Distributions require planning to optimize (minimize) tax liability.
If this were a "simple" trust (all income is required to be distributed, whether distributed or not), then you would not be able to allocate less than the entire amount of the dividend income received (i.e., $41,000 would be deemed to be distributed and reported on the K-1).
However, it appears as if this trust is not a simple trust (i.e,, you have the discretion as to how much, if any, income to distribute). Therefore, you could have managed the distribution as you saw fit, and in a manner that optimized results, during the 2021 tax year (or within 65 days after the close if you made a 663(b) election). Instead, you purportedly distributed all of the income ("more than enough") to the beneficiary prior to the end of 2021. As a result, a different (lower) figure (e.g., $38,000) cannot be allocated to the beneficiary at this point; the actual distribution of all of the income has the effect of passing all of the DNI ($41,000 here) to the beneficiary.

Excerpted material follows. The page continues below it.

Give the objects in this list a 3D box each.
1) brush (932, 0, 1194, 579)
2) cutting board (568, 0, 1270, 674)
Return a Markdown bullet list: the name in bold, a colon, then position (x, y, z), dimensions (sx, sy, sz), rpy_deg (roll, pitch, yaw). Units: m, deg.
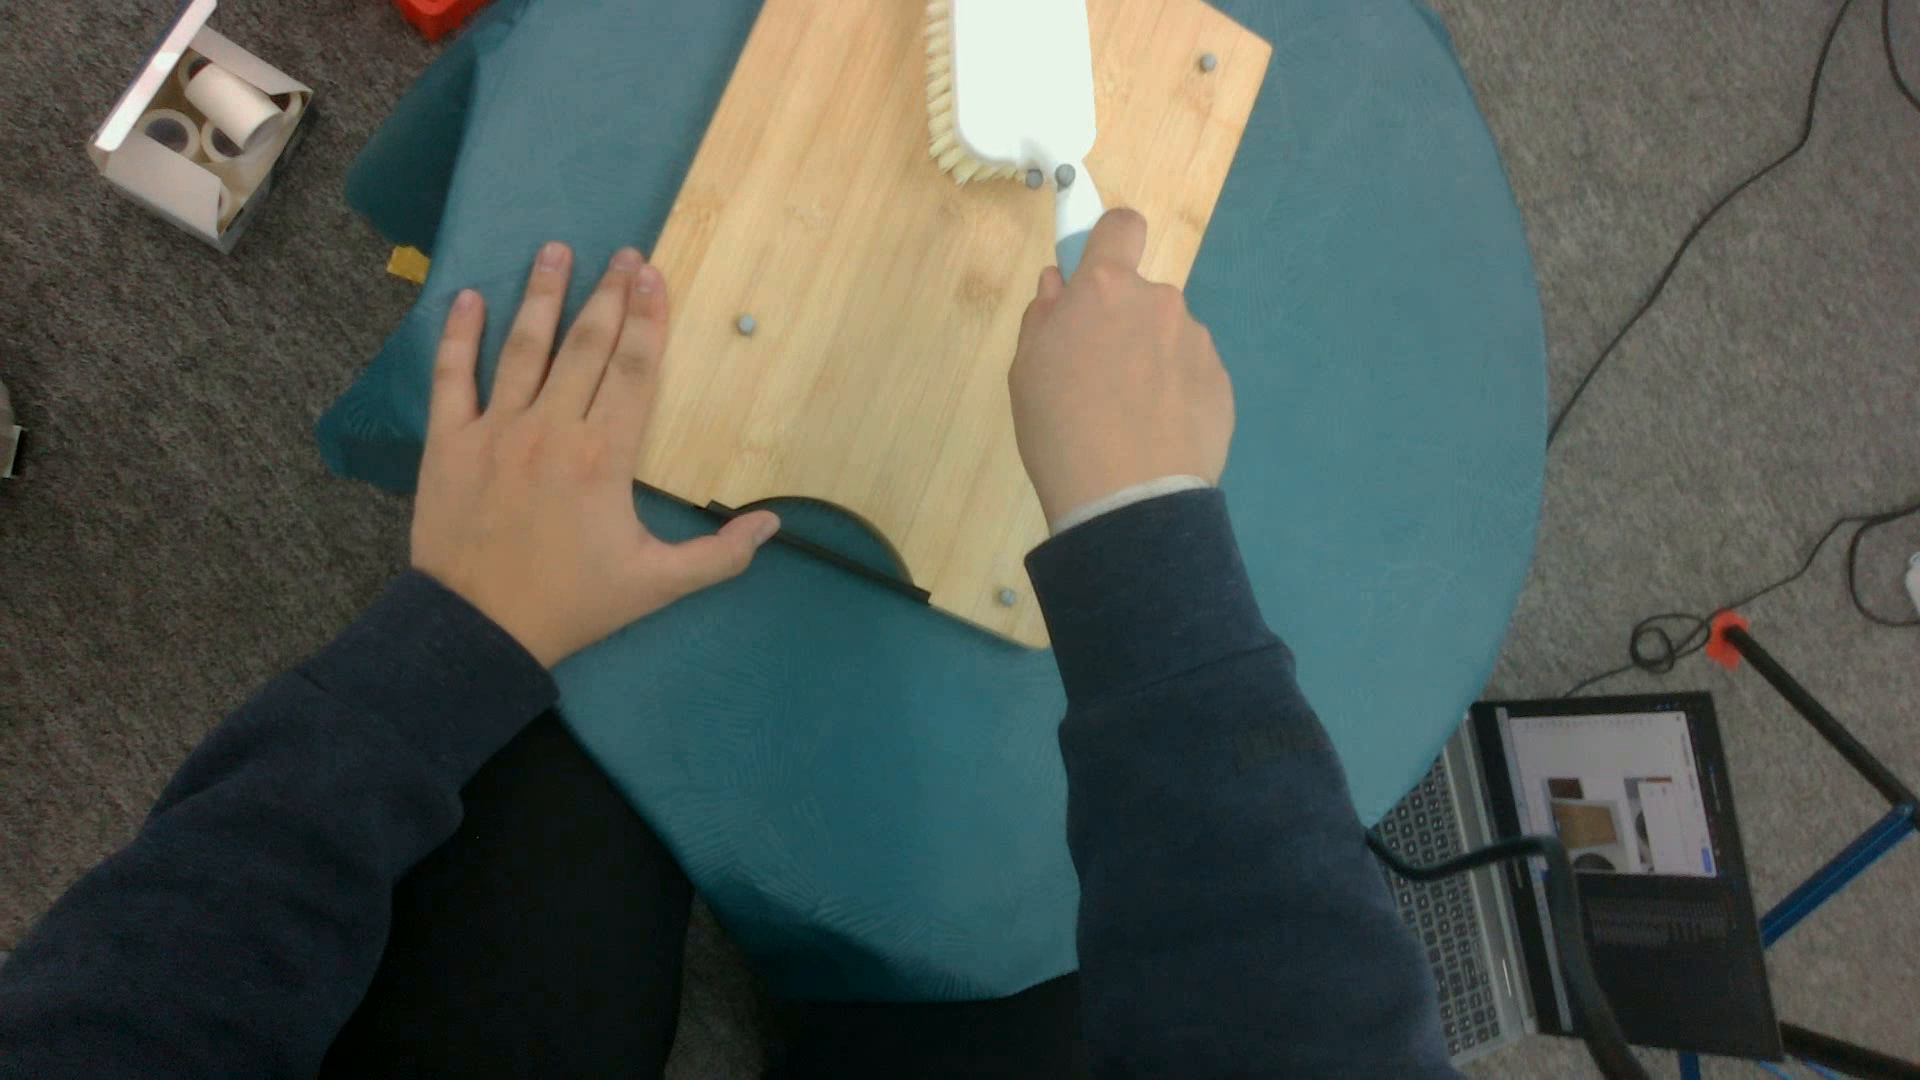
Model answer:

You are correct that this is not a simple trust but is a complex trust. So, for future reference, you're saying I could have allocated $38,000 taxable income to the beneficiary and offset the remaining $3,000 in the trust with the loss carryover? If so, (and I'm wondering why this question has not been answered yet): What figure for qualified dividends would be entered on the K-1?
@Steelydan989 wrote:
What figure for qualified dividends would be entered on the K-1?
I hope you are into math.
You would divide 38,000 by 41,000 which results in .926829 (38,000/41,000 = .926829).
Multiply.926829 by 40,000 (the qualified dividend amount) which results in 37,073 (.926829 x 40,000).
$37,073 of the qualified dividends are reported on the K-1 and $2,927 are allocated to the trust (37,073 + 2,927 = 40,000).
NOTE: I am assuming you realize there is no loss carryover with this distribution as you are using the $3,000 loss to offset part of the dividend income.
Wonderful, thank you! This answers my original question. Again, I appreciate your time and assistance on this.
@Steelydan989 wrote:
You are correct that this is not a simple trust but is a complex trust. So, for future reference, you're saying I could have allocated $38,000 taxable income to the beneficiary and offset the remaining $3,000 in the trust with the loss carryover?
(emphasis added)
Just to be clear here. You could have distributed $38k (not $41k like you did) to the bene and then offset the other $3k of trust income will the capital loss. (using the calculation @Anonymous_ walked you through to allocate the qual divs -- TT business will do that calc for you). [Assuming the trust allows you to do so, as it appears from your description.]
Sometimes you can just allocate (without distributing) income or deductions to a bene, but are special circumstances and I don't think they are common. (E.g. amounts permeantly set aside for charitable purposes).